Electrocatalysis plays an essential role in diverse electrochemical energy conversion processes, and the searching for electrocatalysts based on earth-abundant metals is greatly important. Of particular interest are graphene-supported single atom catalysts (G-SACs) that integrate the merits of heterogeneous catalysts and homogeneous catalysts. Besides, the graphene support features a large surface area, high conductivity and excellent (electro)-chemical stability, making it a highly attractive substrate for supporting single atom electrocatalysts. Thus, a group led by Prof. Xiangfeng Duan from UCLA collaborated with researchers from BSRF reviewed the recent advancements in G-SACs for electrochemical energy conversion, from the synthetic strategies and identification of the atomistic structure to electrocatalytic applications in a variety of reactions, and finally conclude with a brief prospect on future challenges and opportunities. This review was published in the journal of Chem. Soc. Rev. on Oct. 21, 2019.

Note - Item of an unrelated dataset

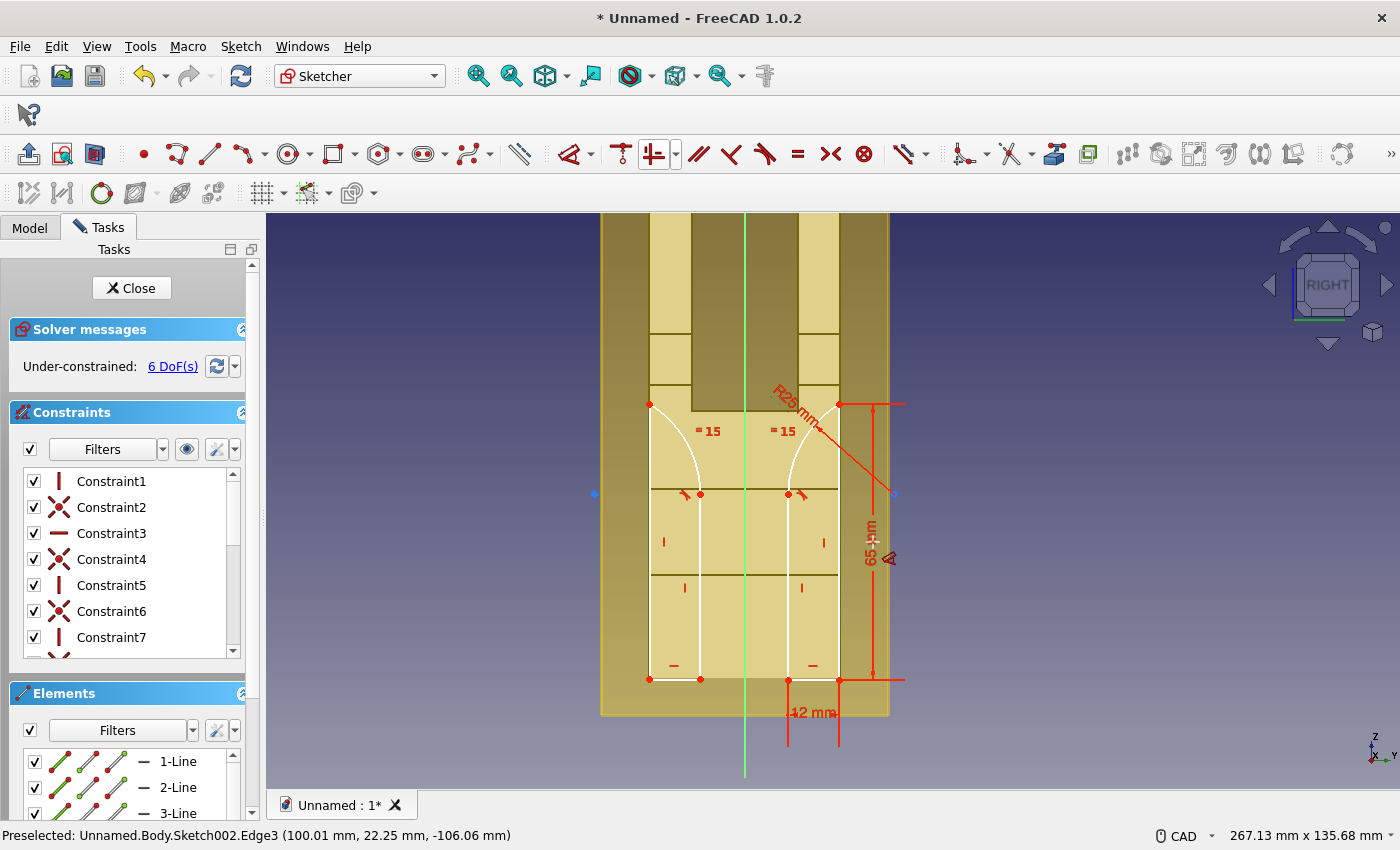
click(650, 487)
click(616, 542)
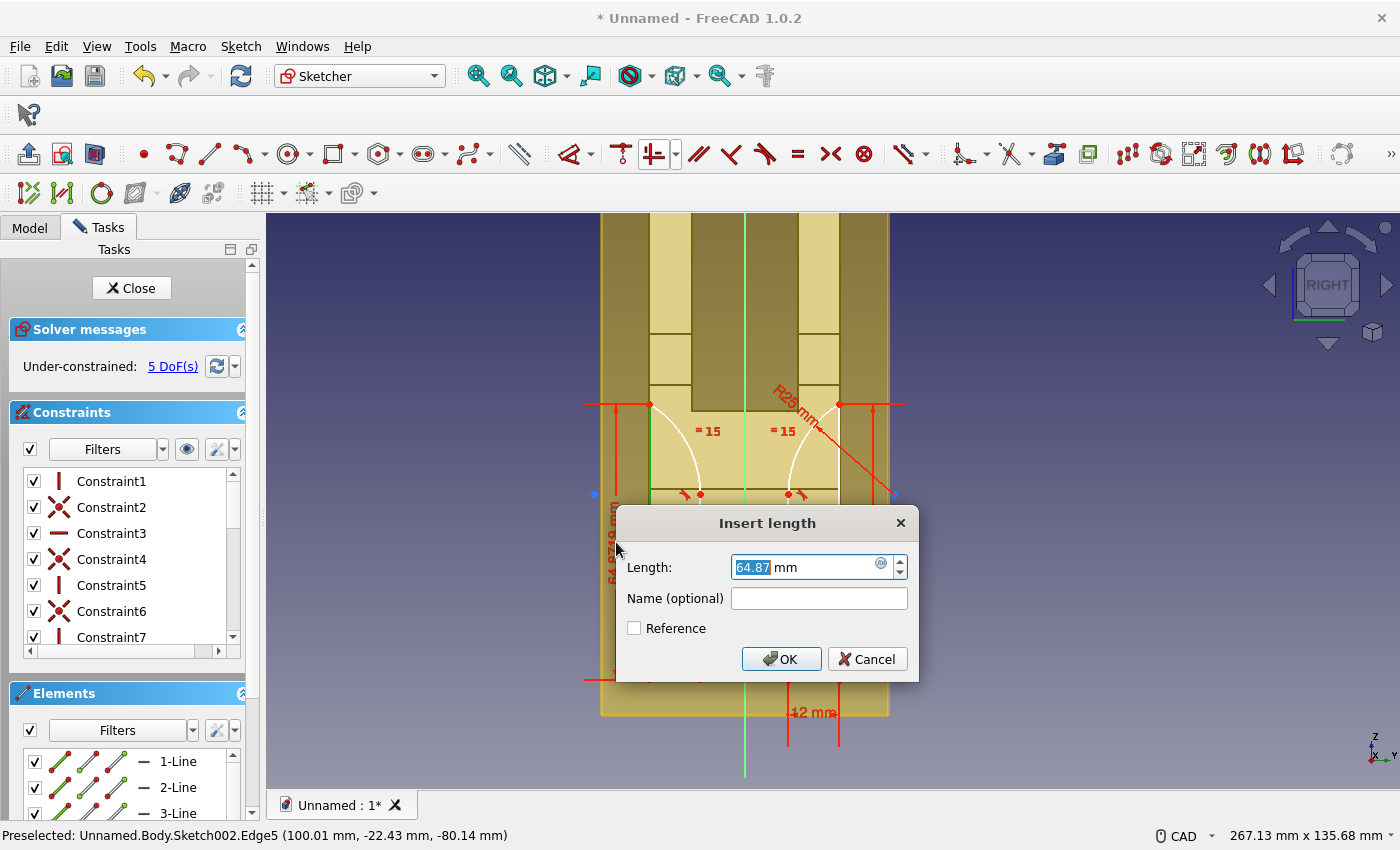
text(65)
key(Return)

Pristine graphene is not a good support for G-SACs since most metal adatoms usually exhibit a rather low migration barrier and high mobility on pristine graphene even at room temperature. Therefore, the generation of defective sites or functionalization of graphene is generally required to create anchoring sites to stabilize metal atoms without the formation of metal aggregates. We summarized the synthetic strategies toward G-SACs, including pyrolysis and thermal activation (the precursors can be molecular/polymeric, GO or MOFs), electron/ion irradiation, ball milling, atomic layer deposition, photochemical reduction, and solution-phase synthesis.

The foundation for the establishment of the structure-to-activity linkage in G-SACs lies in the identification of the active site structure. Synchrotron X-ray absorption spectroscopy (XAS) is powerful to probe the coordination environment and the chemical state of the absorber in an element-selective way. Nonetheless, unambiguously extracting the exact atomistic and electronic structure by XAS remains neither trivial nor straightforward. Here we discussed the recent efforts in the employment of XAS for identifying the atomistic and electronic structure of the active sites in G-SACs. Then, we describe a global strategy for the structural identification by XAS that can reduce loose ends to a minimum, likely serving as a general guide for future studies facing the structural characterization of G-SACs.

We also summarized the recent progress in the applications of G-SACs in ORR, HER, OER, CO2RR, NRR and so on.

Finally, we pointed out that considerable challenges and opportunities remain for G-SACs from both fundamental and applied research perspectives. From the outset, the achievement of high metal loading in G-SACs with exclusive single atomic dispersion remains the most critical challenge for the field. Second, it remains difficult to correlate the exact structure configuration with the catalytic properties, which further precludes the establishment of design principles in optimizing the intrinsic activity of G-SACs. Lastly, there is little experimental insight into the metal–reactant and metal–support interactions in G-SACs under electrocatalytic conditions and a limited understanding of the mechanistic details of the reactions on the catalyst surface.

Graphene carbons as a support for single atom electrocatalysts and Schematic presentation of global XAS analysis strategy consisting of various EXAFS and XANES analysis approaches.

Article:

Huilong Fei, Juncai Dong, Dongliang Chen, Tiandou Hu, Xidong Duan, Imran Shakir,* Yu Huang* and Xiangfeng Duan*. Single atom electrocatalysts supported on graphene or graphene-like carbons. Chem. Soc. Rev., 2019, 48, 5207.